[RECORDS SUPPLIED — start]
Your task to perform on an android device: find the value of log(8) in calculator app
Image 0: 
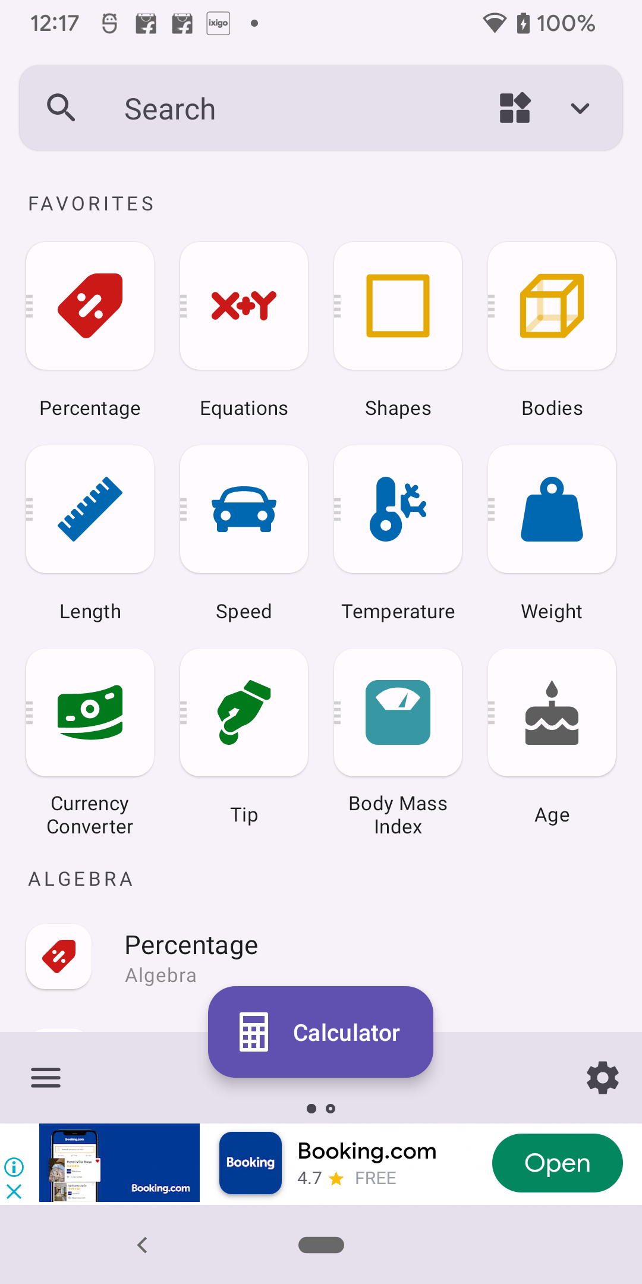
click on the calculator button 
Step 0: click (370, 1048)
Image 1: 
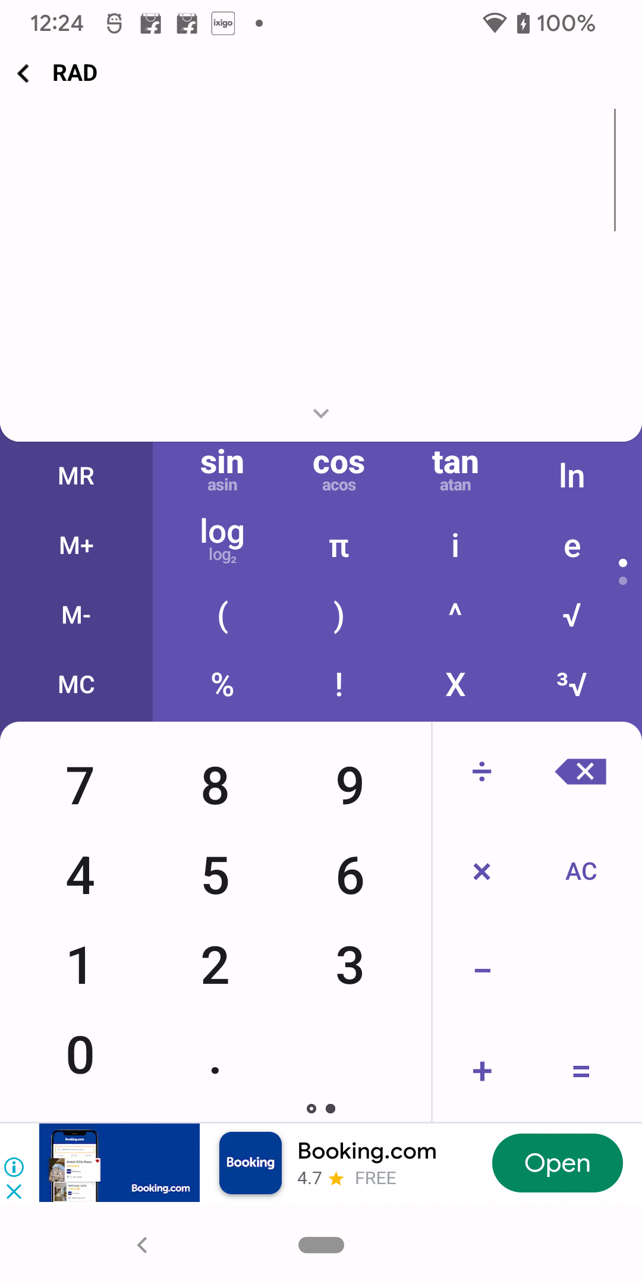
select log
Step 1: click (222, 546)
Image 2: 
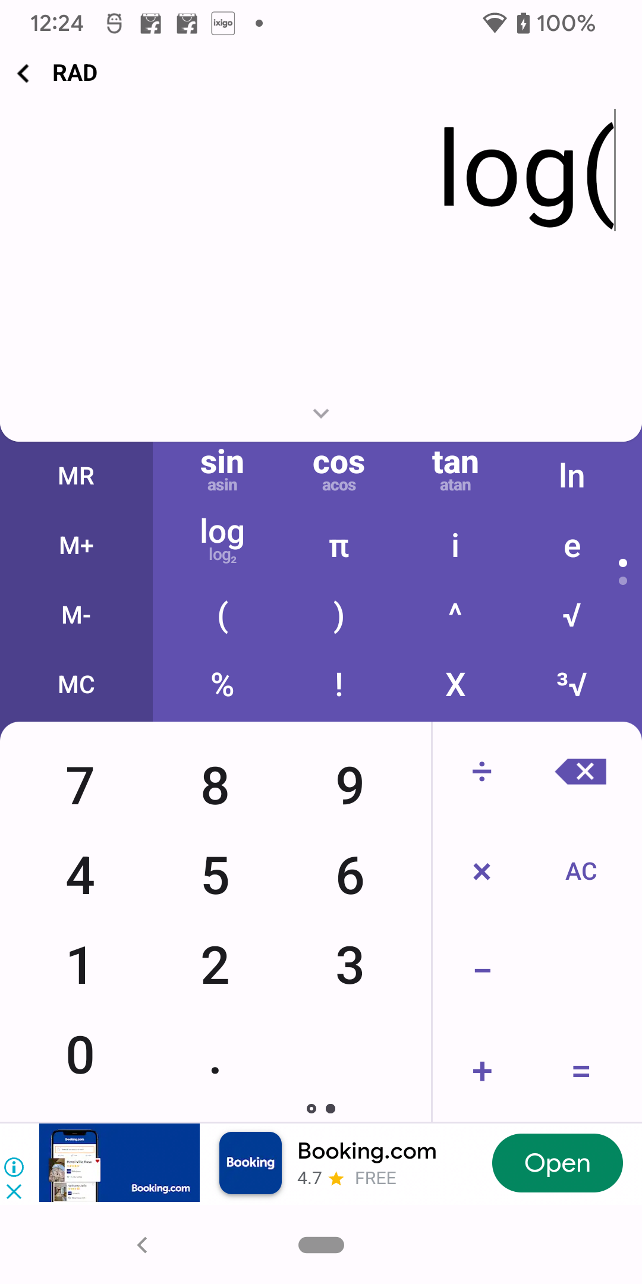
input 10
Step 2: click (80, 965)
Image 3: 
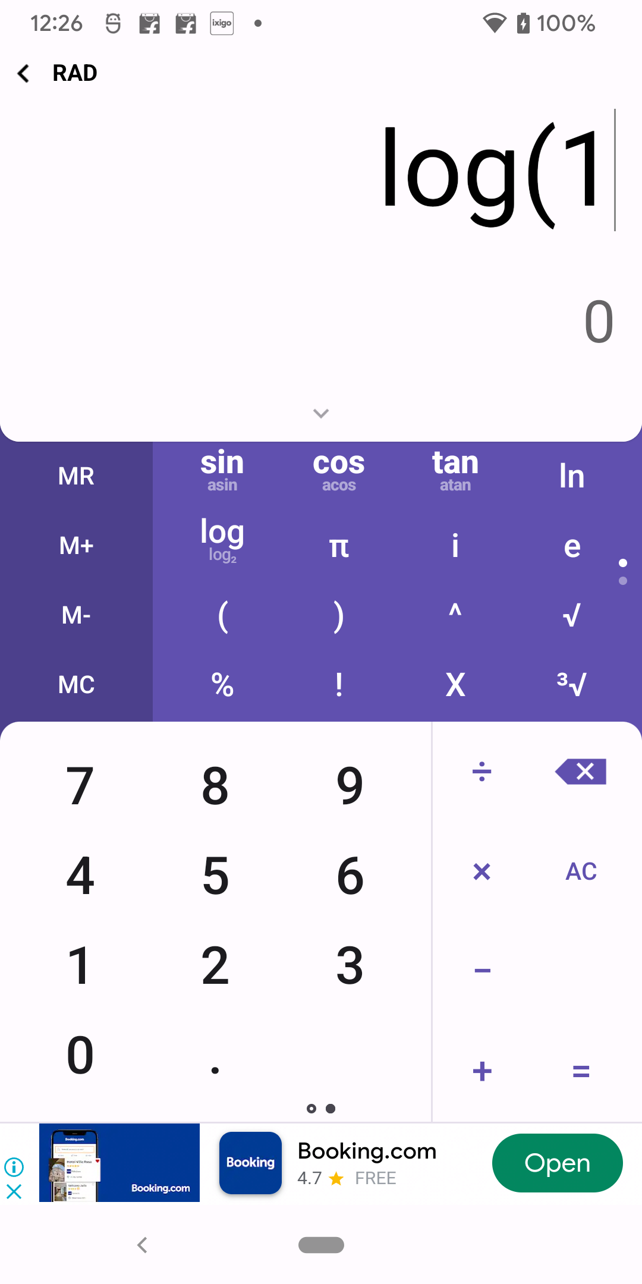
input 10
Step 3: click (80, 1055)
Image 4: 
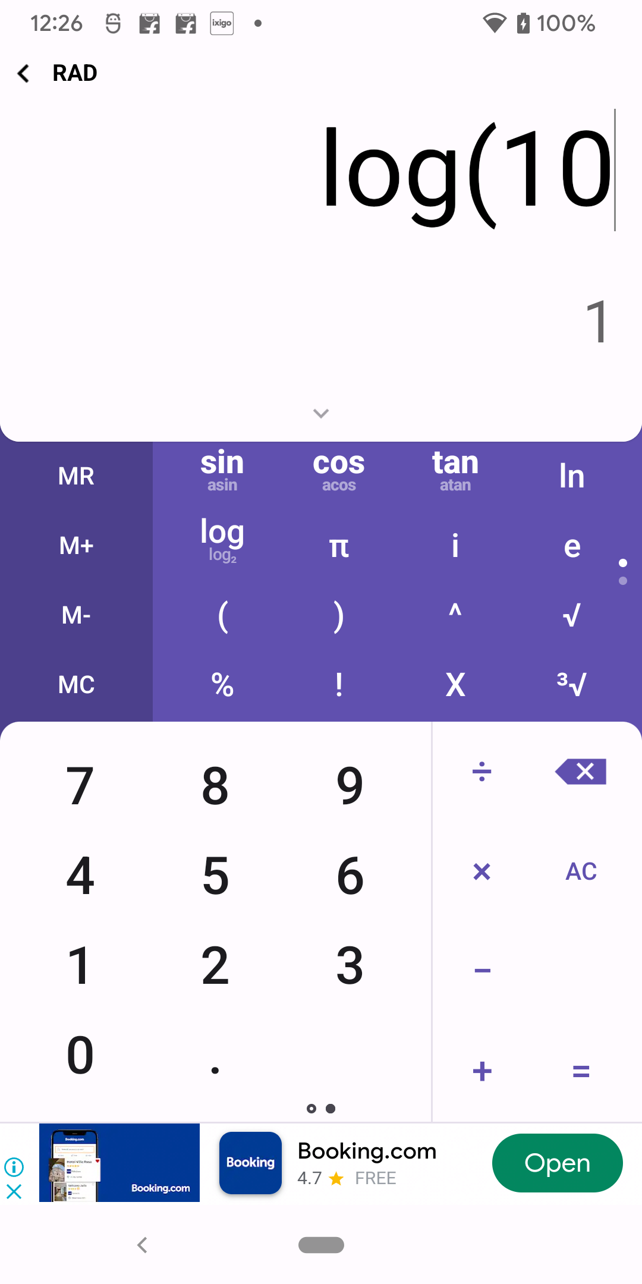
click on equal icon
Step 4: click (571, 1077)
[RECORDS SUPPLIED — finish]
TASK STATEMENT
Which lines of the data contain the string "Step"? Copy each one.

EXERCISE RESULT
Step 0: click (370, 1048)
Step 1: click (222, 546)
Step 2: click (80, 965)
Step 3: click (80, 1055)
Step 4: click (571, 1077)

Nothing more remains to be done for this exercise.